Return every line from the records below in which the word "Under" is found.

-=-=-

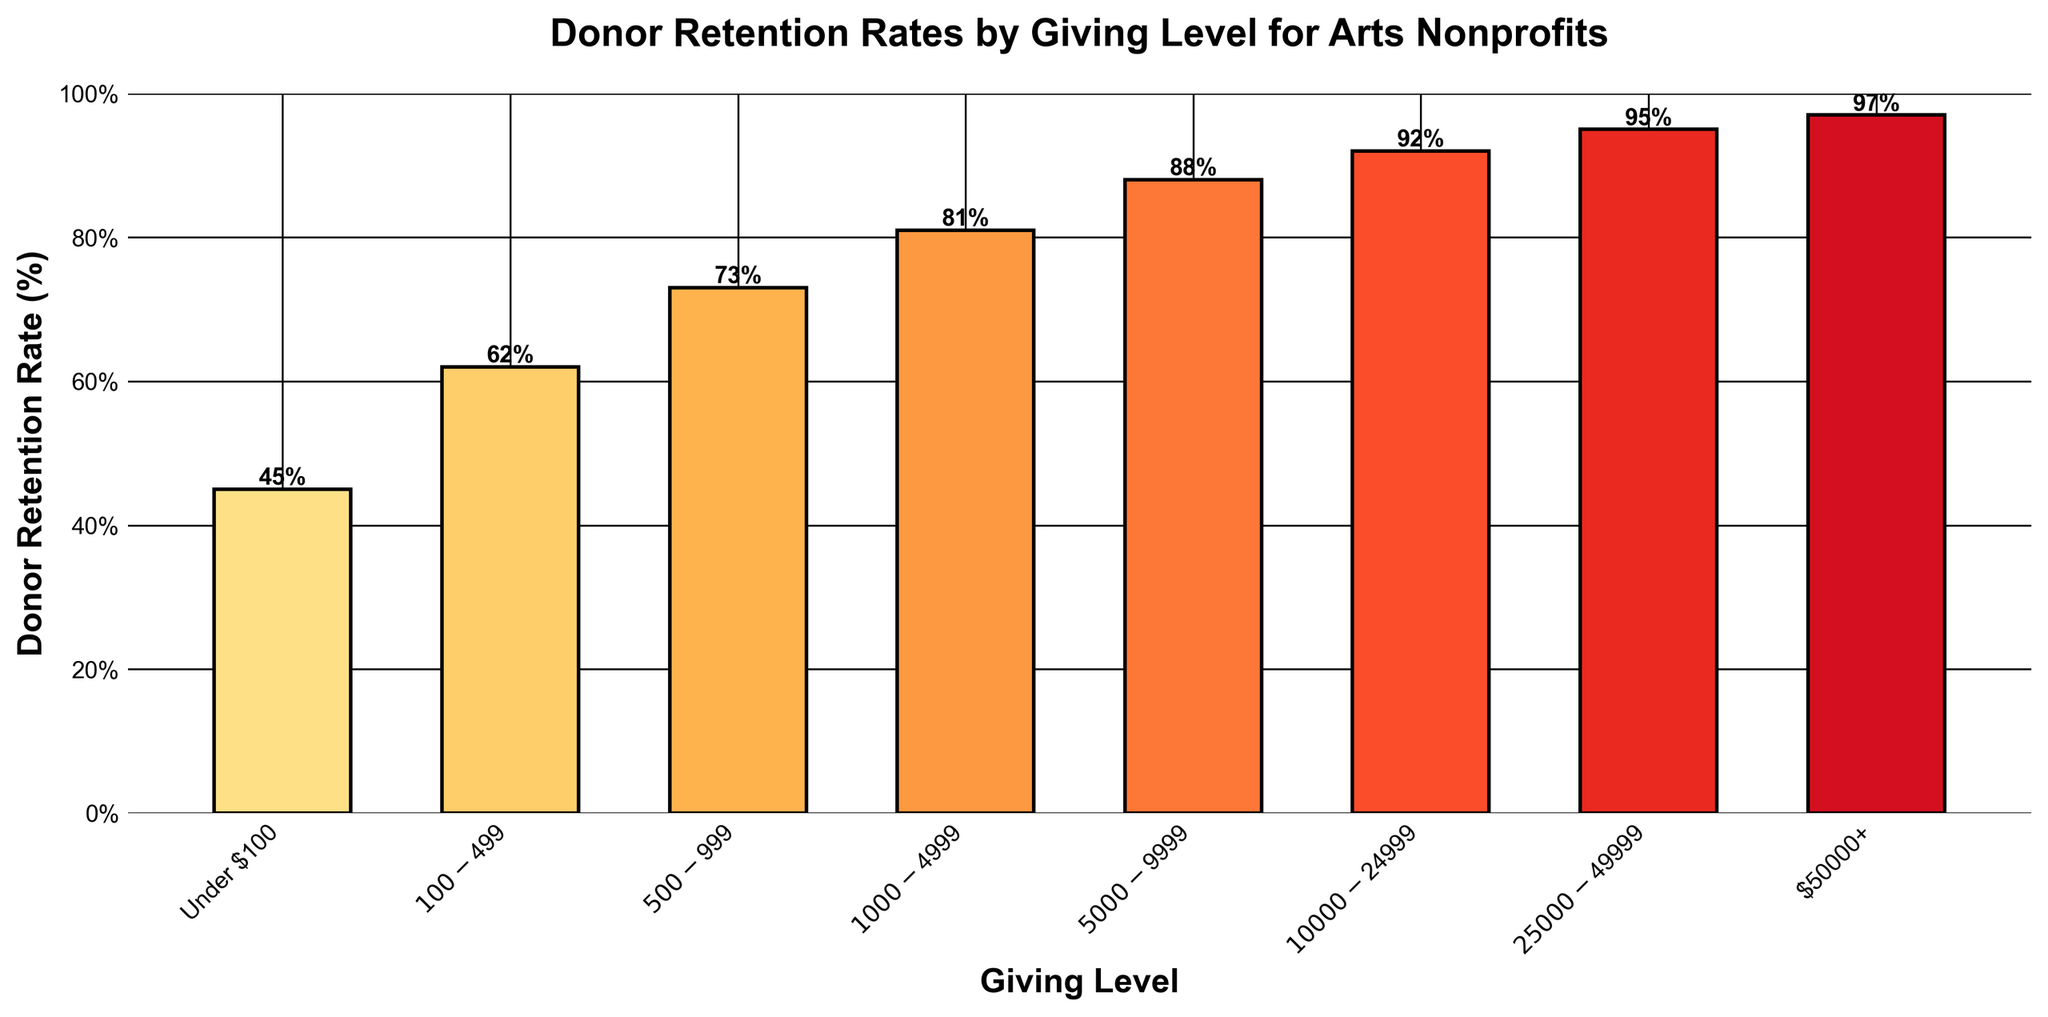Which giving level has the highest donor retention rate? The highest bar on the chart represents the giving level "$50000+", and it's labeled with "97%".
Answer: $50000+ What is the donor retention rate for the $1000-$4999 giving level? Locate the bar for "$1000-$4999" on the x-axis, and observe its height and label, which indicate "81%".
Answer: 81% How much higher is the donor retention rate for the $50000+ level compared to the Under $100 level? The donor retention rate for the $50000+ level is 97%, while for the Under $100 level it is 45%. Subtract 45% from 97%: 97% - 45% = 52%.
Answer: 52% Which giving level has nearly half (around 50%) of the top donor retention rate of $50000+? The top donor retention rate is 97% (for $50000+). Half of 97% is about 48.5%. The closest bar to 48.5% is "Under $100" with 45%.
Answer: Under $100 What is the average retention rate of the first three giving levels (Under $100, $100-$499, $500-$999)? Calculate the average of 45%, 62%, and 73%. (45 + 62 + 73) / 3 = 180 / 3 = 60%.
Answer: 60% Is the donor retention rate for the $10000-$24999 level greater than or less than the $5000-$9999 level? The bar for the $10000-$24999 level shows 92%, while the bar for the $5000-$9999 level shows 88%. 92% is greater than 88%.
Answer: Greater What is the difference in donor retention rates between $100-$499 and $25000-$49999 levels? The donor retention rate for $100-$499 is 62%, and for $25000-$49999 it is 95%. Subtract 62% from 95%: 95% - 62% = 33%.
Answer: 33% What is the visual color gradient pattern used for the bars representing different giving levels? The bars use a gradient from lighter yellow-orange to darker red, becoming more intense as the giving levels increase.
Answer: Gradient from lighter yellow-orange to darker red Which giving level's bar is positioned third from the right on the x-axis, and what is its donor retention rate? The bar third from the right is $10000-$24999, and its donor retention rate is labeled as 92%.
Answer: $10000-$24999, 92% What visual attribute differentiates the highest and lowest giving levels on the chart apart from the bar heights? The highest giving level ($50000+) has a darker bar color and the lowest giving level (Under $100) has a lighter bar color.
Answer: Darker color for $50000+, lighter color for Under $100

-=-=-

Exercise output -
Answer: 81% How much higher is the donor retention rate for the $50000+ level compared to the Under $100 level? The donor retention rate for the $50000+ level is 97%, while for the Under $100 level it is 45%. Subtract 45% from 97%: 97% - 45% = 52%.
Answer: 52% Which giving level has nearly half (around 50%) of the top donor retention rate of $50000+? The top donor retention rate is 97% (for $50000+). Half of 97% is about 48.5%. The closest bar to 48.5% is "Under $100" with 45%.
Answer: Under $100 What is the average retention rate of the first three giving levels (Under $100, $100-$499, $500-$999)? Calculate the average of 45%, 62%, and 73%. (45 + 62 + 73) / 3 = 180 / 3 = 60%.
Answer: $10000-$24999, 92% What visual attribute differentiates the highest and lowest giving levels on the chart apart from the bar heights? The highest giving level ($50000+) has a darker bar color and the lowest giving level (Under $100) has a lighter bar color.
Answer: Darker color for $50000+, lighter color for Under $100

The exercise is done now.